August 2016

OWG Meeting

OWG held a meeting on 2016-08-01 between 18:00-19:13 UTC to discuss the items below.

Present: Tom, Andy, Sarah, Matt Apologies: Grant

Adopt board Circular Resolutions

Making decisions is hard, and even more so without any procedure for doing so. In order to make making decisions easier, the OWG agreed to adopt the board circular resolutions with a change only that any such resolutions will be minuted in the OWG log rather than the minutes of the next meeting. We will revisit how well these are working in approximately 6 months time to see if further tweaks are necessary.

Database: replication, failover, new hardware

Upgrade from 9.1 to 9.5 took 25s, and it looks like we can complete the upgrade and roll out karm within a 1-hour mostly read-only period, with 5-10 minutes of actual downtime. The disk on karm would be full if we retain the 1.7TB of WAL log archives that we currently have on katla, but we could store them elsewhere or expand the disks in karm (NVMe or SAS/SATA).

As ramoth, the replica database, has had several failures over the past months, the best option would seem to be to replace it with a machine almost identical to karm. OWG will aim to keep at least 3 database servers in operation at any one time.

Being multi-site: Slough, getting other sites

To spread the risk of single-site outages, OWG agrees that it would be good to add at least one other site to our network. To start with, OWG members will try reaching out through personal networks. Another option is reaching out to Exonetric to see if they’d be happy to take a currently-unpowered server at UCL. OWG could also reach out to commercial providers, and consider paying commercial rates. Given that the existing 3 site are all in the UK, OWG would prefer options in the EU.

Virtualisation

The benefits are that images / machines can be moved around more easily, possibly. But the downsides are that moving storage is not easy, there’s a large amount of initial work and a steep learning curve. It should be noted that container-based systems aren’t currently advised for security isolation - that would need a full VM. We need to carefully consider the benefits over plain Chef.

Un- or under-used machines

We running Gosmore backend, but is it getting any traffic? We had a Forum machine, but the Forum was never moved to it, it’s now shut down.

Backups: where, when, wal-e?

Discussed tarsnap as a potential backup option. We need to look at the cost of this and glacier-based backup. Getting the encryption right is important. For online systems, there are always “root” credentials which can wipe everything, so secondary concern is where/how to keep these accessible but not deletable. For “offline” systems, where physical access is limited, this might be a problem for us if we’re not able to get physical access when we need it.

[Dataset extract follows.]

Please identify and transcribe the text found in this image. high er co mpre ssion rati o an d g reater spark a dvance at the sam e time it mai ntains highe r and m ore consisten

Aerial imagery: we need a policy.

Aerial imagery can be a very useful source of information for mappers, and no one seems to be running a service which can host it and make it available for mappers.

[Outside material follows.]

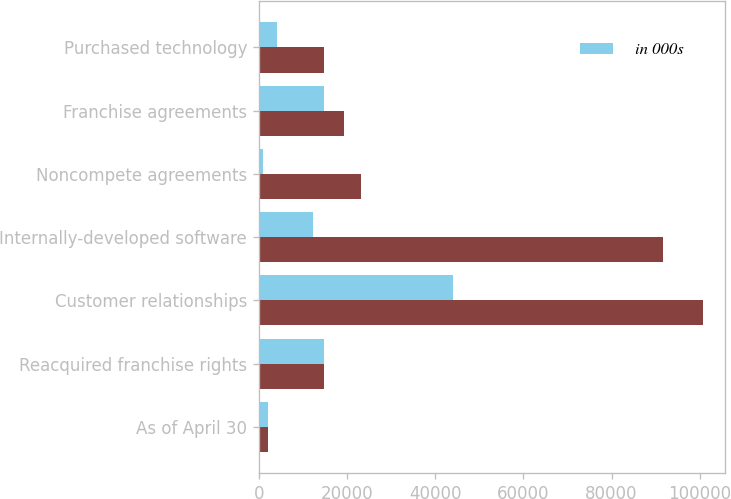Convert chart to OTSL. <chart><loc_0><loc_0><loc_500><loc_500><stacked_bar_chart><ecel><fcel>As of April 30<fcel>Reacquired franchise rights<fcel>Customer relationships<fcel>Internally-developed software<fcel>Noncompete agreements<fcel>Franchise agreements<fcel>Purchased technology<nl><fcel>nan<fcel>2013<fcel>14814<fcel>100719<fcel>91745<fcel>23058<fcel>19201<fcel>14800<nl><fcel>in 000s<fcel>2012<fcel>14814<fcel>43929<fcel>12213<fcel>912<fcel>14828<fcel>4035<nl></chart>

Problems: existing solution is pretty ad-hoc, we host a mixed bag of not well-known sources. It’s not advertised, and the existence of the layers is not well known. Might snowball into a very big thing, and keeping it running would divert resources and effort from core services. Possible policies to try out initially:

Question: Should we aim to redistribute the source imagery, rather than the tile service.

Question: Is there a distinction between sources and service? Can we ask Amazon if they would host the raw imagery?

OpenStreetMap-Carto 2.42.0

New release. More details.

Outage 2016-08-02

At around 18:30 UTC, the replica database, ramoth, spontaneously rebooted, causing intermittent outages until about 19:50 UTC as load was moved back to the master database server.

Outage 2016-08-03

The services and planet server, ironbelly, experienced some unknown technical issue causing it to hang. It was rebooted at 08:30 UTC, but this caused a temporary outage as the application servers mount the services server using NFS, and the NFS protocol isn’t tolerant of failures.

Pokemon Go

At least two Pokemon Go “finder” maps started heavily using OSM tiles in violation of the Acceptable Usage Policy. The increased load was enough to push the current infrastructure over the edge, and it started to perform noticably poorly, including dropping many render requests. The sites were blocked, but one deploy had a regular expression syntax mistake which resulted in tiles being blocked to any browser, effectively a 30 minute outage of the web map. Block for pmap.kuku.lu, block with syntax error, block for fastpokemap.com.

Improving tile rendering

A discussion started around how to improve the efficiency of tile rendering across multiple machines. The number of tile requests to the OSM tile servers has got to the point where each server finds it difficult to keep up with the minutely diffs and requests from mappers. This is clearly undesirable, but simply adding more servers may not help unless they are able to share the load between themselves. More details.

To help figure out which queries were most in need of attention and possible optimisation, a log of rendering-related PostgreSQL was released. Issue.

New rendering server

A new rendering server, called vial, was generously donated by Komяpa, a long time community member.

Tests!

A suite of tests is beginning to be created for the various Chef recipes. This will help make it easier to understand what the recipes are doing, to maintain the recipes, to replicate their effects on other systems and to make changes with confidence that they’re Doing the Right Thing.